Devant l’importance du propos et sa résonance contre des conceptions empreintes de positivisme, façon Auguste Comte, encore largement répandues en France, pour ne pas trahir la pensée de S. Jasanoff, j’ai préféré recourir à de nombreuses citations directes.

Dans un contexte de crise de l’expertise institutionnelle3, contestée non pas par un « public » générique, mais bien par une partie du monde scientifique, ses travaux pourraient fournir des pistes de réflexion à des débats plus apaisés. J’espère avoir donné envie de prendre connaissance de son œuvre, par ailleurs très peu traduite en français.

N.B. J’attire l’attention du lecteur sur quelques difficultés liées à des choix de traduction et notamment le terme « agence », supposé représenter l’anglais « agency » ; il aurait été préférable d’offrir, comme alternative, celui de pouvoir d’agir, plus courant en France et au Québec.


Publication analysée :

* Jasanoff S, Joly PB. Sheila Jasanoff : au-delà de la société des risques, faire science en société.
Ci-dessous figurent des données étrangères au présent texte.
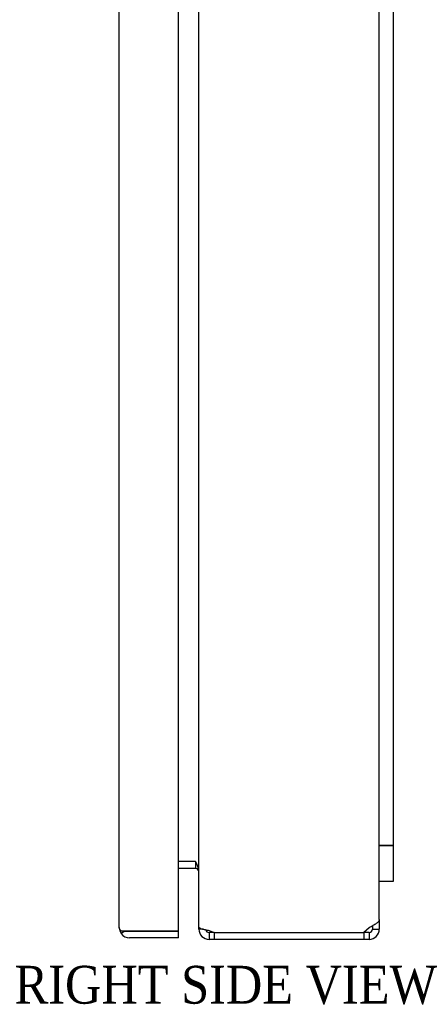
# Model space of a CAD drawing. Header units: inches. Extents: x 0.2 to 77.9, y -0.5 to 51.8.
# Tile 2 of 3: x 49.9 to 54.1, y 14.9 to 25.4. Entities that reach past the tile are written whole.
import ezdxf
from ezdxf.enums import TextEntityAlignment as Align

# ---------------------------------------------------------------- set-up
doc = ezdxf.new("R2010")
doc.units = ezdxf.units.IN
doc.header["$MEASUREMENT"] = 0
for name, color, linetype in [('COM56539-2', 7, 'Continuous'), ('COM56540-4', 7, 'Continuous'), ('COM71234-3', 7, 'Continuous'), ('Default', 7, 'Continuous'), ('GSK11134', 7, 'Continuous'), ('LOK10007', 7, 'Continuous')]:
    doc.layers.add(name, color=color, linetype=linetype)
doc.styles.add('SEACAD_Times_New_Roman', font='times.ttf')

# ---------------------------------------------------------------- blocks, each defined once
blk = doc.blocks.new('SE4')
at = {"layer": 'COM56539-2', "color": 7, "linetype": 'Continuous'}
for p, q in [((51.9039681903, 37.8218327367), (51.9583360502, 37.8218327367)), ((51.9039681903, 37.7498327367), (51.9039681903, 37.8218327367)), ((51.9583360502, 37.8218327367), (53.5416003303, 37.8218327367)), ((51.9583360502, 37.7498327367), (51.9583360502, 37.8218327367)), ((53.5416003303, 37.7498327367), (53.5416003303, 37.8218327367)), ((53.5416003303, 37.8218327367), (53.5959681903, 37.8218327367)), ((53.5959681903, 37.7498327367), (53.5959681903, 37.8218327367)), ((51.8403594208, 37.7138327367), (51.79596819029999, 37.7138327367)), ((51.79596819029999, 37.6923245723), (51.79596819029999, 37.7138327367)), ((51.9039681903, 37.7498327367), (51.9583360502, 37.7498327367)), ((53.5416003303, 37.7498327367), (53.5959681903, 37.7498327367)), ((53.6319681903, 37.7138327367), (53.7039681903, 37.7138327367)), ((53.6319681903, 37.7138327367), (53.6319681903, 37.6799161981)), ((53.7039681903, 37.7138327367), (53.7039681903, 37.6127189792)), ((51.7599681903, 37.0718327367), (51.5789681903, 37.0718327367)), ((51.7599681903, 36.9998327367), (51.7599681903, 37.0718327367)), ((51.7599681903, 16.4538327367), (51.7599681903, 16.3818327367)), ((51.7599681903, 16.3818327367), (51.5789681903, 16.3818327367)), ((53.7039681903, 15.8409464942), (53.7039681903, 15.7398327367)), ((51.79596819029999, 15.7398327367), (51.79596819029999, 15.7613409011)), ((51.8403594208, 15.7398327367), (51.79596819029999, 15.7398327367)), ((53.6319681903, 15.7737492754), (53.6319681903, 15.7398327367)), ((53.6319681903, 15.7398327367), (53.7039681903, 15.7398327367)), ((51.9583360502, 15.7038327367), (51.9039681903, 15.7038327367)), ((51.9039681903, 15.7038327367), (51.9039681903, 15.6318327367)), ((51.9583360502, 15.6318327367), (51.9039681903, 15.6318327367)), ((51.9583360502, 15.7038327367), (51.9583360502, 15.6318327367)), ((53.5416003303, 15.6318327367), (51.9583360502, 15.6318327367)), ((53.5416003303, 15.7038327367), (53.5416003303, 15.6318327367)), ((53.5959681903, 15.7038327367), (53.5416003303, 15.7038327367)), ((53.5959681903, 15.6318327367), (53.5416003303, 15.6318327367)), ((53.5959681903, 15.7038327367), (53.5959681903, 15.6318327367))]:
    blk.add_line(p, q, dxfattribs=at)
for centre, radius, start, end in [((51.9039681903, 37.7138327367), 0.1079999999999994, 90, 180), ((53.5959681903, 37.7138327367), 0.1079999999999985, 0, 90), ((51.9039681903, 37.7138327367), 0.0359999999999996, 90, 168.591914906), ((53.5959681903, 37.7138327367), 0.0359999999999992, 0, 90), ((51.7599681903, 37.1078327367), 0.0359999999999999, 270, 0), ((51.7599681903, 16.3458327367), 0.0360000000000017, 0, 90), ((51.9039681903, 15.7398327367), 0.1080000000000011, 180, 270), ((51.9039681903, 15.7398327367), 0.036000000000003, 191.4080846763, 270), ((53.5959681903, 15.7398327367), 0.0360000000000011, 270, 0), ((53.5959681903, 15.7398327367), 0.1080000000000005, 270, 360)]:
    blk.add_arc(centre, radius, start, end, dxfattribs=at)
at = {"layer": 'COM56540-4', "color": 7, "linetype": 'Continuous'}
for p, q in [((51.9583360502, 37.7498327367), (51.9039681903, 37.7283245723)), ((53.5416003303, 37.7498327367), (51.9583360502, 37.7498327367)), ((53.5416003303, 37.7498327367), (53.5959681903, 37.698551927)), ((51.79596819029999, 15.7613409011), (51.79596819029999, 37.6923245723)), ((53.7039681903, 15.8409464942), (53.7039681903, 37.6127189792)), ((51.7599681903, 36.9998327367), (51.5789681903, 36.9998327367)), ((51.7599681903, 16.4538327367), (51.5789681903, 16.4538327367)), ((51.9039681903, 15.7253409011), (51.9583360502, 15.7038327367)), ((53.5959681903, 15.7551135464), (53.5416003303, 15.7038327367)), ((51.9583360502, 15.7038327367), (53.5416003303, 15.7038327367))]:
    blk.add_line(p, q, dxfattribs=at)
for centre, radius, start, end in [((51.5697440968, 37.1232407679), 0.2267482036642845, 327.0264770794, 356.1036252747), ((51.5697440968, 16.3304247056), 0.2267482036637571, 3.8963747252, 32.9735229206)]:
    blk.add_arc(centre, radius, start, end, dxfattribs=at)
for points in [[(51.90396819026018, 37.72832457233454), (51.88983102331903, 37.72532457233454), (51.87569941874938, 37.72232457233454), (51.84957734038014, 37.71632457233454), (51.83759714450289, 37.71332457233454), (51.81760417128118, 37.70732457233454), (51.80959926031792, 37.70432457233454), (51.79877914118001, 37.69832457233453), (51.79596819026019, 37.69532457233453), (51.79596819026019, 37.69232457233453)], [(53.59596819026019, 37.69855192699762), (53.61010737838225, 37.69139815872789), (53.62423696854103, 37.68424643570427), (53.65035903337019, 37.66994094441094), (53.66233924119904, 37.66278819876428), (53.68233220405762, 37.64848270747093), (53.69033712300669, 37.64132996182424), (53.70115723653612, 37.62702447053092), (53.70396819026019, 37.6198727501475), (53.70396819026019, 37.61271897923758)], [(53.70396819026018, 15.84094649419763), (53.70396819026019, 15.83379272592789), (53.70115723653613, 15.82664100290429), (53.69033712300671, 15.81233551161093), (53.68233220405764, 15.80518276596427), (53.66233924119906, 15.79087727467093), (53.65035903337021, 15.78372452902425), (53.62423696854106, 15.76941903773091), (53.61010737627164, 15.7622673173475), (53.59596819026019, 15.75511354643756)], [(51.79596819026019, 15.76134090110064), (51.79596819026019, 15.75834090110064), (51.79877914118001, 15.75534090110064), (51.80959926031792, 15.74934090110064), (51.81760417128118, 15.74634090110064), (51.83759714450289, 15.74034090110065), (51.84957734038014, 15.73734090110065), (51.87569941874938, 15.73134090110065), (51.88983102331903, 15.72834090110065), (51.90396819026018, 15.72534090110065)]]:
    blk.add_open_spline(points, degree=3, knots=[0, 0, 0, 0, 0.25, 0.25, 0.5, 0.5, 0.75, 0.75, 1, 1, 1, 1], dxfattribs=at)
at = {"layer": 'COM71234-3', "color": 7, "linetype": 'Continuous'}
for p, q in [((51.0619681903, 37.8063327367), (51.5789681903, 37.8063327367)), ((51.5789681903, 37.8063327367), (51.5789681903, 37.7343327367)), ((50.9539681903, 37.6985228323), (50.9539688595, 37.6985228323)), ((50.9539681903, 15.7553327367), (50.9539681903, 37.6983327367)), ((50.9539689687, 37.6987427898), (50.9539683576, 37.69852283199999)), ((50.9539683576, 37.6983327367), (50.9539689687, 37.6985526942)), ((51.01139147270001, 37.7344440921), (50.9740727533, 37.7610893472)), ((51.0619681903, 37.7342539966), (50.9740727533, 37.7342539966)), ((51.0619681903, 37.7344440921), (51.01139147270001, 37.7344440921)), ((51.0619681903, 37.7344440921), (51.0619681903, 37.7343327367)), ((51.0619681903, 37.7343327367), (51.5789681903, 37.7343327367)), ((51.5789681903, 37.7342539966), (51.0619681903, 37.7342539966)), ((51.5789681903, 15.7194114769), (51.5789681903, 37.7342539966)), ((50.9539689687, 15.7551127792), (50.9539683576, 15.755332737)), ((50.9539688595, 15.7551426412), (50.9539683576, 15.7551426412)), ((50.9539683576, 15.7551426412), (50.9539689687, 15.7549226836)), ((51.0619681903, 15.7194114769), (50.9740727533, 15.7194114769)), ((51.01139147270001, 15.7192213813), (50.9740727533, 15.6925761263)), ((51.01139147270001, 15.7192213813), (51.0619681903, 15.7192213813)), ((51.0619681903, 15.7194114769), (51.5789681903, 15.7194114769)), ((51.0619681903, 15.7192213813), (51.0619681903, 15.7193327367)), ((51.5789681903, 15.7193327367), (51.0619681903, 15.7193327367)), ((51.5789681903, 15.6473327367), (51.0619681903, 15.6473327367)), ((51.5789681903, 15.6473327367), (51.5789681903, 15.7193327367))]:
    blk.add_line(p, q, dxfattribs=at)
for centre, radius, start, end in [((51.0619681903, 37.6983327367), 0.1080000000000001, 90, 144.4734792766), ((51.0619681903, 37.6983327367), 0.1080001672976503, 179.8991512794, 180), ((51.0619681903, 37.6983327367), 0.1080000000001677, 144.4734792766, 179.7824595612), ((51.0619681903, 37.6983327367), 0.0359999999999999, 90, 93.79021380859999), ((51.0619681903, 15.7553327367), 0.1080000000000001, 180, 180.1008488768), ((51.0619681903, 15.7553327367), 0.1080000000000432, 180.2175404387, 215.5265207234), ((51.0619681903, 15.7553327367), 0.1079999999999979, 215.5265207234, 270), ((51.0619681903, 15.7553327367), 0.0359999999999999, 266.2097861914, 270)]:
    blk.add_arc(centre, radius, start, end, dxfattribs=at)
for points in [[(50.97407275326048, 37.73425399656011), (50.96760823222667, 37.72828641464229), (50.96257604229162, 37.7223425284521), (50.95577297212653, 37.7104456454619), (50.95401119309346, 37.70451818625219), (50.95396896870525, 37.69855269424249)], [(50.97407275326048, 15.71941147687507), (50.96760823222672, 15.72537905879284), (50.9625760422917, 15.73132294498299), (50.95577297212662, 15.74321982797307), (50.95401119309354, 15.74914728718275), (50.95396896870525, 15.75511277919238)]]:
    blk.add_open_spline(points, degree=3, knots=[0, 0, 0, 0, 0.5, 0.5, 1, 1, 1, 1], dxfattribs=at)
at = {"layer": 'GSK11134', "color": 7, "linetype": 'Continuous'}
for p, q in [((53.7039681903, 37.2078327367), (53.85396819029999, 37.2078327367)), ((53.85396819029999, 37.2078327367), (53.85396819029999, 36.8328327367)), ((53.85396819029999, 36.8328327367), (53.7039681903, 36.8328327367)), ((53.85396819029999, 36.8328327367), (53.7039681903, 36.8328327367)), ((53.85396819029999, 16.6228327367), (53.85396819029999, 36.8328327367)), ((53.85396819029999, 16.6228327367), (53.7039681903, 16.6228327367)), ((53.85396819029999, 16.6208327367), (53.7039681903, 16.6208327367)), ((53.85396819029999, 16.2458327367), (53.85396819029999, 16.6208327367)), ((53.7039681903, 16.2458327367), (53.85396819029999, 16.2458327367))]:
    blk.add_line(p, q, dxfattribs=at)
at = {"layer": 'LOK10007', "color": 7, "linetype": 'Continuous'}
for p, q in [((50.8939681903, 27.2768327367), (50.7939681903, 27.1768327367)), ((50.8939681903, 27.2768327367), (50.8939681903, 26.1768327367)), ((50.9539681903, 27.2768327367), (50.8939681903, 27.2768327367)), ((50.7939681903, 27.1768327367), (50.7939681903, 26.2768327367)), ((50.7939681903, 26.2768327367), (50.8939681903, 26.1768327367)), ((50.8939681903, 26.1768327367), (50.9539681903, 26.1768327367))]:
    blk.add_line(p, q, dxfattribs=at)

msp = doc.modelspace()

# ---------------------------------------------------------------- block references
at = {"layer": 'Default'}
msp.add_blockref('SE4', (0, 0), dxfattribs=at)

# ---------------------------------------------------------------- texts
at = {"layer": 'Default', "color": 7, "linetype": 'Continuous', "style": 'SEACAD_Times_New_Roman'}
msp.add_text('RIGHT SIDE VIEW', height=0.4, dxfattribs=at).set_placement((49.845295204, 15.3518327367), align=Align.TOP_LEFT)

doc.saveas('drawing.dxf')

Natures Sciences Sociétés 2020 ; 27(4) : 452-9. Doi : 10.1051/nss/2020011

1 L’acronyme STS a été maintenu en français, comme sciences, technologies et société.

2 Ouvrage publié en 1986, peu de temps avant la catastrophe de Tchernobyl ; sa thèse concernant une nouvelle phase de la modernité a eu un grand retentissement.

3 Je fais référence à un récent communiqué de l’Agence nationale de sécurité sanitaire de l’alimentation, de l’environnement et du travail (Anses) dans les suites du retrait d’un consortium chargé de l’expertise sur la cancerogénicité du glyphosate.